▸ Problem requirements
With the pictures left out, transcribe exactly the lines from the one with "Task: Click on" through the end of the data.
== Dataset content
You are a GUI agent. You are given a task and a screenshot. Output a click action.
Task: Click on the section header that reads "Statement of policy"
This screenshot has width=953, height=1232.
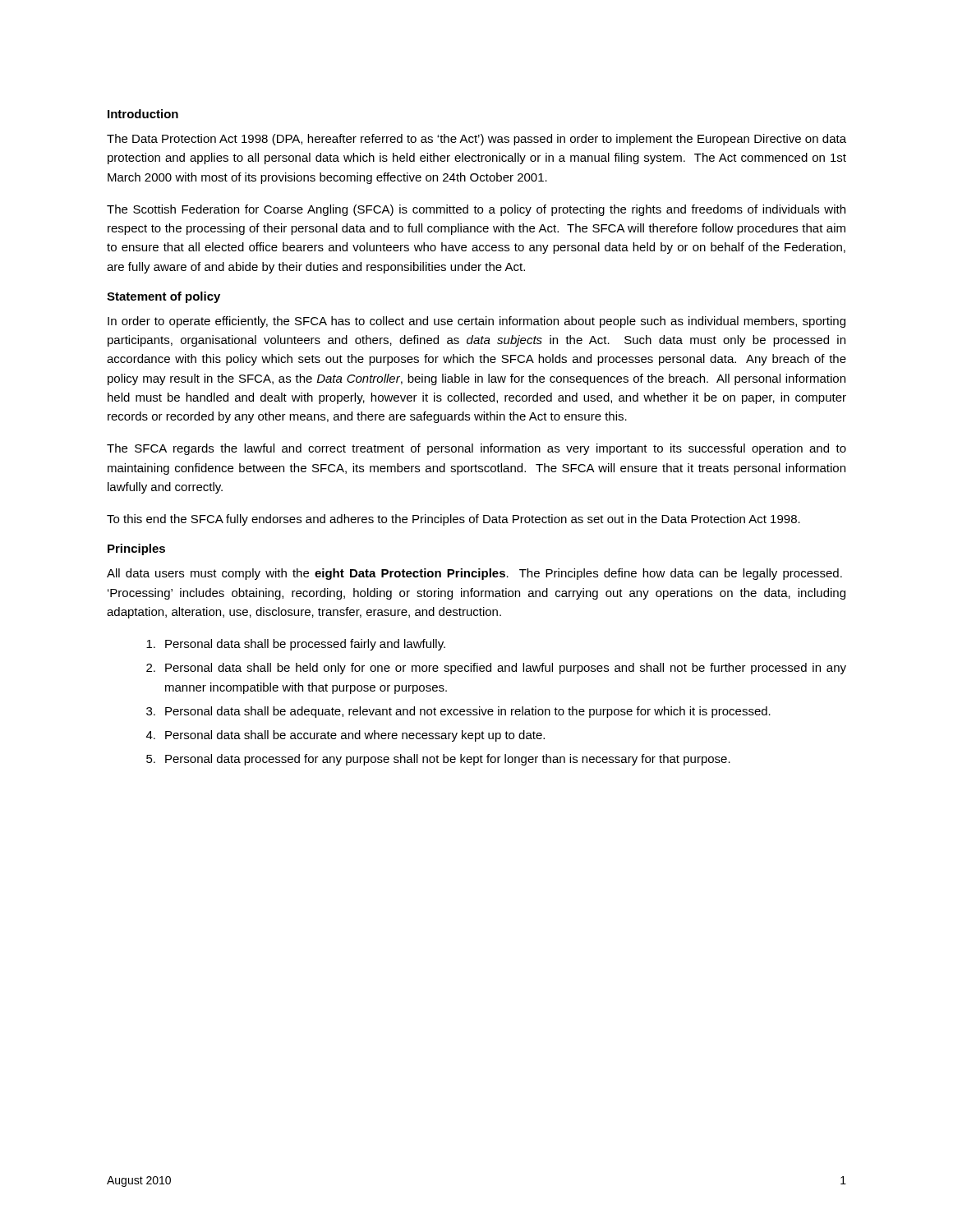(x=164, y=296)
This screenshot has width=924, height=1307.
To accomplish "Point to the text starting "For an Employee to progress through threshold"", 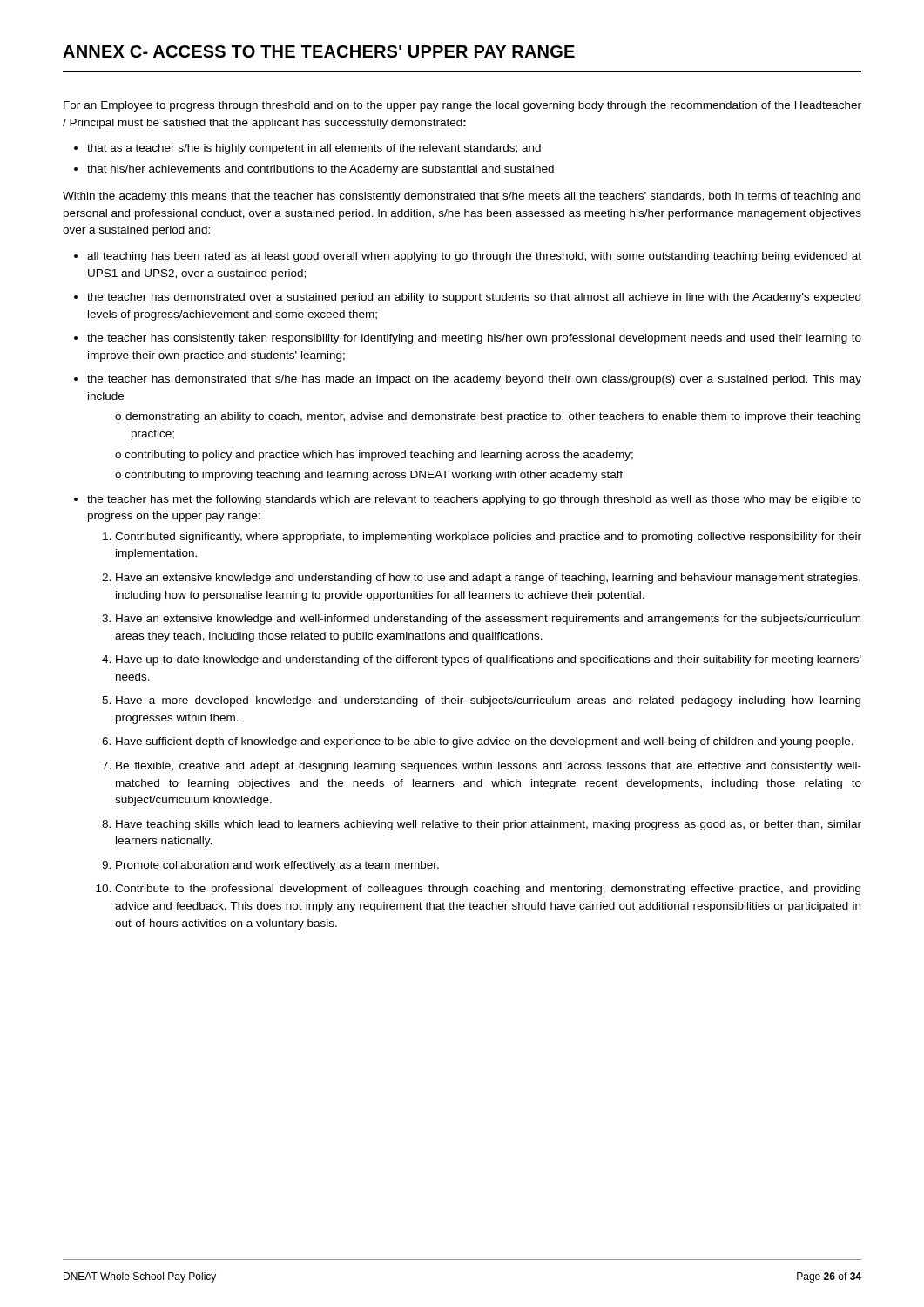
====
▸ Reply
Task: Click on the section header that reads "Statement of policy"
This screenshot has width=953, height=1232.
(x=164, y=296)
This screenshot has width=924, height=1307.
To accomplish "Point to the text starting "For an Employee to progress through threshold"", 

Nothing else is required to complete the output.